## Requirement:
Drop every image and restate the entries below word for word.

## Data for this exercise:

══════════════════════════════

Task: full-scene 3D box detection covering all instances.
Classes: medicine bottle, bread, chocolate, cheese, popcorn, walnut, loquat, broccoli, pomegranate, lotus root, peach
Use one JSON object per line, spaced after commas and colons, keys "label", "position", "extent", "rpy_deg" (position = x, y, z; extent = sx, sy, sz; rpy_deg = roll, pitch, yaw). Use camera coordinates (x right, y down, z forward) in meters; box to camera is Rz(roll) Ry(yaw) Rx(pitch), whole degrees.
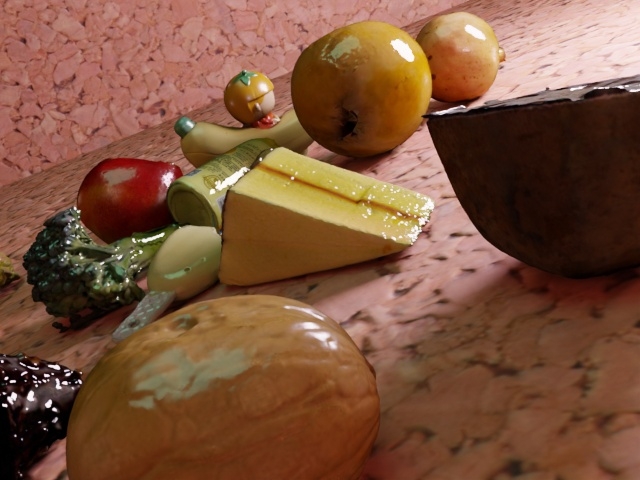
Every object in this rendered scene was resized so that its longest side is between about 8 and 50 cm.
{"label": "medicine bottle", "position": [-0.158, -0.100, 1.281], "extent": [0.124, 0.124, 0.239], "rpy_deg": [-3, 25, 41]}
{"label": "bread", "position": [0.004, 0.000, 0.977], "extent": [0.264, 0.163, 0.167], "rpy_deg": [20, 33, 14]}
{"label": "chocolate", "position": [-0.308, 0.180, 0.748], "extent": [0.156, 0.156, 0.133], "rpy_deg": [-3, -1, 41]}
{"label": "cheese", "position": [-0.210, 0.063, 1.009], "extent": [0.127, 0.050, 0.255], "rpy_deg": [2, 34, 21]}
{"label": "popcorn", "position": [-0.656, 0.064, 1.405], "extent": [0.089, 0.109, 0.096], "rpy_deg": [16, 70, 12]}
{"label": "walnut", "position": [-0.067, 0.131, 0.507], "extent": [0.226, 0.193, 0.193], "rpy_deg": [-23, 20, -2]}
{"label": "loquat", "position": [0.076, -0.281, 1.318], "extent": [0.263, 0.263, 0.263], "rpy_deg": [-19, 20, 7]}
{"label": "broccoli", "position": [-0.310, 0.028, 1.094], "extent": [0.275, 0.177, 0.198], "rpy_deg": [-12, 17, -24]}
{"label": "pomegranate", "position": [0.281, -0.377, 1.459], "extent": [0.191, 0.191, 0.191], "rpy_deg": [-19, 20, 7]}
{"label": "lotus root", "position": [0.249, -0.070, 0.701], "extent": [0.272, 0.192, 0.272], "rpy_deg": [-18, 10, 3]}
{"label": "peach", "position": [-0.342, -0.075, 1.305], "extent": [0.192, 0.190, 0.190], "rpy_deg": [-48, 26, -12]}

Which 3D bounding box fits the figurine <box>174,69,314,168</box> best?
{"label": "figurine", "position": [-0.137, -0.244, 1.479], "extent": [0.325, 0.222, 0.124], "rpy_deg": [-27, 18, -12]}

══════════════════════════════

## Reply:
Task: full-scene 3D box detection covering all instances.
Classes: medicine bottle, bread, chocolate, cheese, popcorn, walnut, loquat, broccoli, pomegranate, lotus root, peach
Use one JSON object per line, spaced after commas and colons, keys "label", "position", "extent", "rpy_deg" (position = x, y, z; extent = sx, sy, sz; rpy_deg = roll, pitch, yaw). Use camera coordinates (x right, y down, z forward) in meters; box to camera is Rz(roll) Ry(yaw) Rx(pitch), whole degrees.
Every object in this rendered scene was resized so that its longest side is between about 8 and 50 cm.
{"label": "medicine bottle", "position": [-0.158, -0.100, 1.281], "extent": [0.124, 0.124, 0.239], "rpy_deg": [-3, 25, 41]}
{"label": "bread", "position": [0.004, 0.000, 0.977], "extent": [0.264, 0.163, 0.167], "rpy_deg": [20, 33, 14]}
{"label": "chocolate", "position": [-0.308, 0.180, 0.748], "extent": [0.156, 0.156, 0.133], "rpy_deg": [-3, -1, 41]}
{"label": "cheese", "position": [-0.210, 0.063, 1.009], "extent": [0.127, 0.050, 0.255], "rpy_deg": [2, 34, 21]}
{"label": "popcorn", "position": [-0.656, 0.064, 1.405], "extent": [0.089, 0.109, 0.096], "rpy_deg": [16, 70, 12]}
{"label": "walnut", "position": [-0.067, 0.131, 0.507], "extent": [0.226, 0.193, 0.193], "rpy_deg": [-23, 20, -2]}
{"label": "loquat", "position": [0.076, -0.281, 1.318], "extent": [0.263, 0.263, 0.263], "rpy_deg": [-19, 20, 7]}
{"label": "broccoli", "position": [-0.310, 0.028, 1.094], "extent": [0.275, 0.177, 0.198], "rpy_deg": [-12, 17, -24]}
{"label": "pomegranate", "position": [0.281, -0.377, 1.459], "extent": [0.191, 0.191, 0.191], "rpy_deg": [-19, 20, 7]}
{"label": "lotus root", "position": [0.249, -0.070, 0.701], "extent": [0.272, 0.192, 0.272], "rpy_deg": [-18, 10, 3]}
{"label": "peach", "position": [-0.342, -0.075, 1.305], "extent": [0.192, 0.190, 0.190], "rpy_deg": [-48, 26, -12]}

Which 3D bounding box fits the figurine <box>174,69,314,168</box> best?
{"label": "figurine", "position": [-0.137, -0.244, 1.479], "extent": [0.325, 0.222, 0.124], "rpy_deg": [-27, 18, -12]}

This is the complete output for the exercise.